Thomas Ptacek, on the other hand, is a cryptographer, and he has a bone to pick with my choice of salting techniques.

What have we learned? We learned that if it's 1975, you can set the ARPANet on fire with rainbow table attacks. If it's 2007, and rainbow table attacks set you on fire, we learned that you should go back to 1975 and wait 30 years before trying to design a password hashing scheme.*

We learned that if we had learned anything from this blog post, we should be consulting our friends and neighbors in the security field for help with our password schemes, because nobody is going to find the game-over bugs in our MD5 schemes until after my Mom's credit card number is being traded out of a curbside stall in Tallinn, Estonia.

We learned that in a password hashing scheme, speed is the enemy. We learned that MD5 was designed for speed. So, we learned that MD5 is the enemy. Also Jeff Atwood and Richard Skrenta.

Finally, we learned that if we want to store passwords securely we have three reasonable options: PHK's MD5 scheme, Provos-Maziere's Bcrypt scheme, and SRP. We learned that the correct choice is Bcrypt.

* editor's note: Not quite true. Most "modern" software does not use a modern password scheme. Windows XP/2000/NT, phpBB, the majority of custom password schemes; all vulnerable to rainbow table precomputation attacks.

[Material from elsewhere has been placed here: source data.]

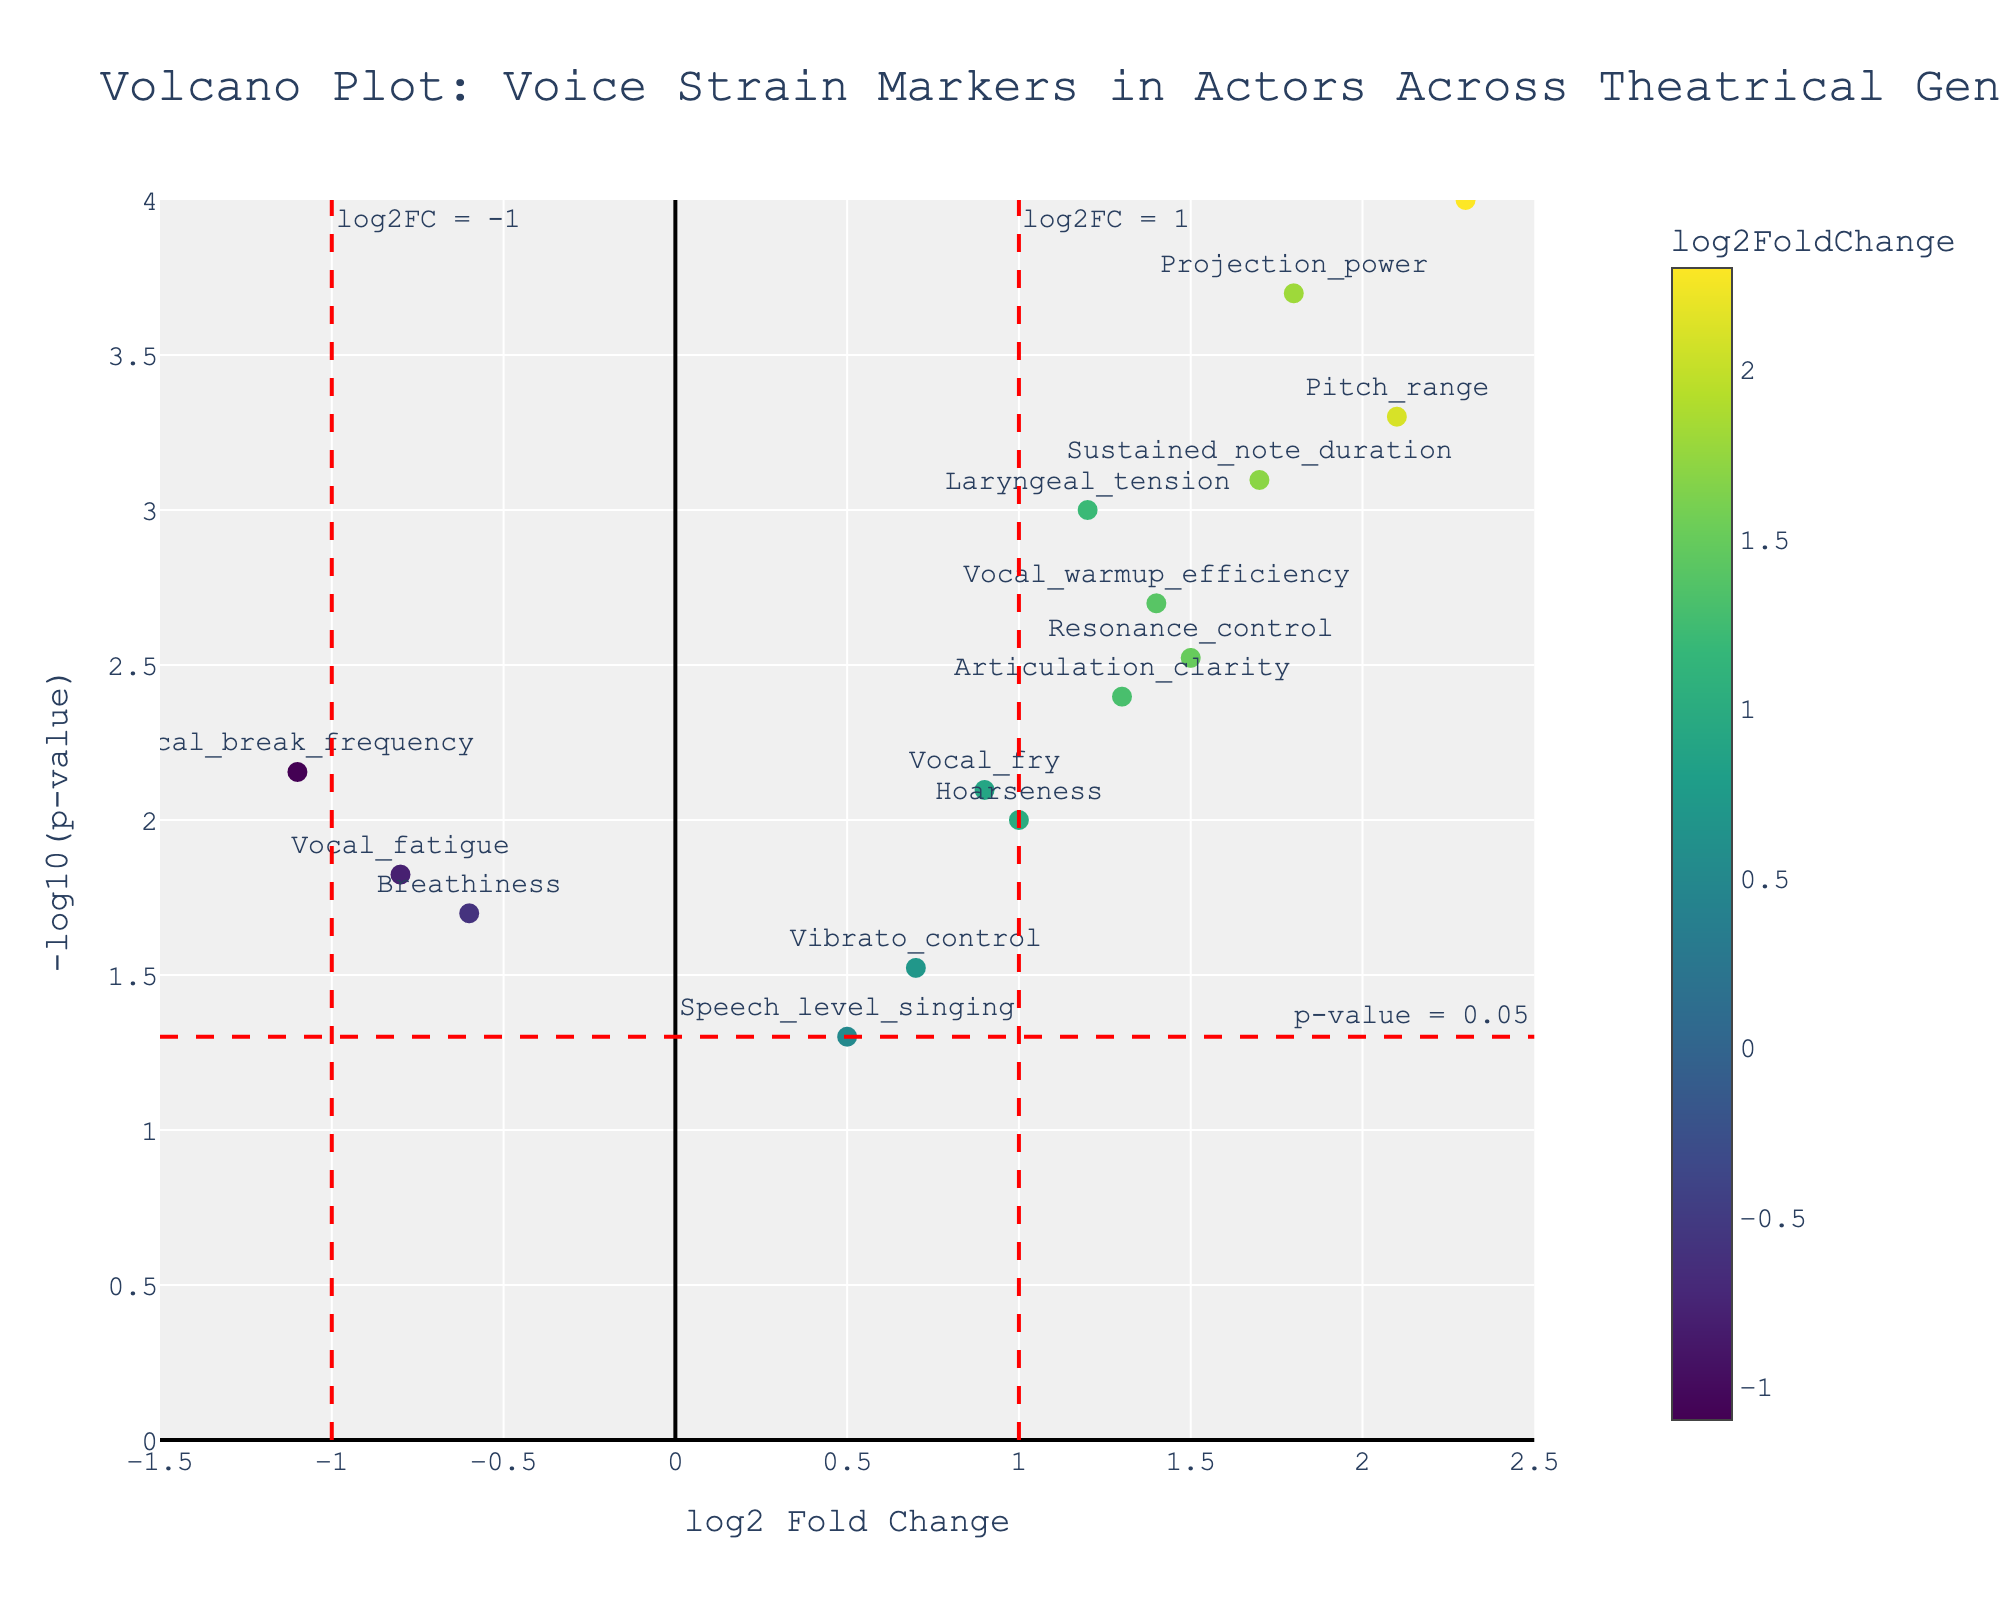What's the title of the plot? The title of the plot can often be found at the top of the figure and typically provides a summary of the figure content. Here, the title is located prominently at the top.
Answer: Volcano Plot: Voice Strain Markers in Actors Across Theatrical Genres How are the axes labeled in the plot? The x-axis and y-axis labels describe what each axis represents. In this figure, the x-axis is labeled "log2 Fold Change," and the y-axis is labeled "-log10(p-value)."
Answer: The x-axis is labeled "log2 Fold Change," and the y-axis is labeled "-log10(p-value)." Which gene has the highest log2 Fold Change? To find the gene with the highest log2 Fold Change, look for the data point farthest to the right on the x-axis. The corresponding label will reveal the gene.
Answer: Belting_technique How many genes have a log2 Fold Change greater than 1? Look for the vertical dashed line at log2 Fold Change = 1 and count all the genes to the right of it.
Answer: 7 genes What is the p-value threshold indicated on the plot, and how is it visualized? The p-value threshold is often marked by a horizontal line on a volcano plot. In this figure, it's shown by a red dashed line with an annotation text. The threshold line points to -log10(0.05) on the y-axis, which indicates the significance level.
Answer: The p-value threshold is 0.05, visualized by a red dashed line on the plot Which genes are considered significant based on the thresholds set in the plot? Genes to the left and right of the dotted vertical lines and above the horizontal line (p-value = 0.05) are considered significant. Look for which ones lie outside these boundaries and above the threshold line.
Answer: Belting_technique, Pitch_range, Projection_power, Sustained_note_duration, Laryngeal_tension, Resonance_control, Articulation_clarity, Hoarseness, Vocal_warmup_efficiency, Vocal_break_frequency How does the color scale relate to log2 Fold Change in the plot? The color scale in this plot represents the log2 Fold Change values, showing with color variations relative to these values. Each color corresponds to a specific log2 Fold Change, and the color bar provides a visual cue for interpretation.
Answer: The color scale represents log2 Fold Change values, correlating different shades to various log2 Fold Change magnitudes Which marker has a log2 Fold Change between 1 and 2 and a p-value less than 0.002? Filter out markers between log2 Fold Change of 1 and 2 and above -log10(p-value) of 2.7 on the plot. Look for the marker within these ranges and cross-reference with gene labels.
Answer: Articulation_clarity and Vocal_warmup_efficiency Arrange the genes with negative log2 Fold Change values according to their p-values. First, identify genes with negative log2 Fold Change values. Then order these genes by their p-values from smallest to largest, which can be done by looking at their vertical positions on the figure.
Answer: Vocal_break_frequency, Vocal_fatigue, Breathiness

In summary, if we're storing passwords, we're probably storing those passwords incorrectly. If it isn't obvious by now, cryptography is hard, and the odds of us getting it right on our own are basically nil. That's why we should rely on existing frameworks, and the advice of experts like Thomas. What higher praise is there than that of praise from your sworn enemy?

Let's recap:

  1. Do not invent your own "clever" password storage scheme. I know, you're smart, and you grok this crypto stuff. But through this door lies madness-- and abominations like LMHash that have ongoing, worldwide security ramifications we're still dealing with today. Take advantage of whatever password storage tools your framework provides, as they're likely to be a heck of a lot better tested and more battle-proven than any crazy scheme you and your team can come up with on your own. Security vulnerabilities, unlike functionality bugs in your application, run deep and silent. They can lay dormant for years.
  2. Never store passwords as plaintext. This feels like security 101 and is completely obvious in retrospect. But not everyone knows what you know -- just ask Reddit. Store the hashes, never the actual passwords. Educate your fellow developers.
  3. Add a long, unique random salt to each password you store. The point of a salt (or nonce, if you prefer) is to make each password unique and long enough that brute force attacks are a waste of time. So, the user's password, instead of being stored as the hash of "myspace1", ends up being stored as the hash of 128 characters of random unicode string + "myspace1". You're now completely immune to rainbow table attack.
  4. Use a cryptographically secure hash. I think Thomas hates MD5 so very much it makes him seem a little crazier than he actually is. But he's right. MD5 is vulnerable. Why pick anything remotely vulnerable, when you don't have to? SHA-2 or Bcrypt would be a better choice.

Of course, none of this guarantees you'll be able to prevent someone from deducing that Joe User's Myspace account password is "myspace1".

But when they do, at least it won't be your fault.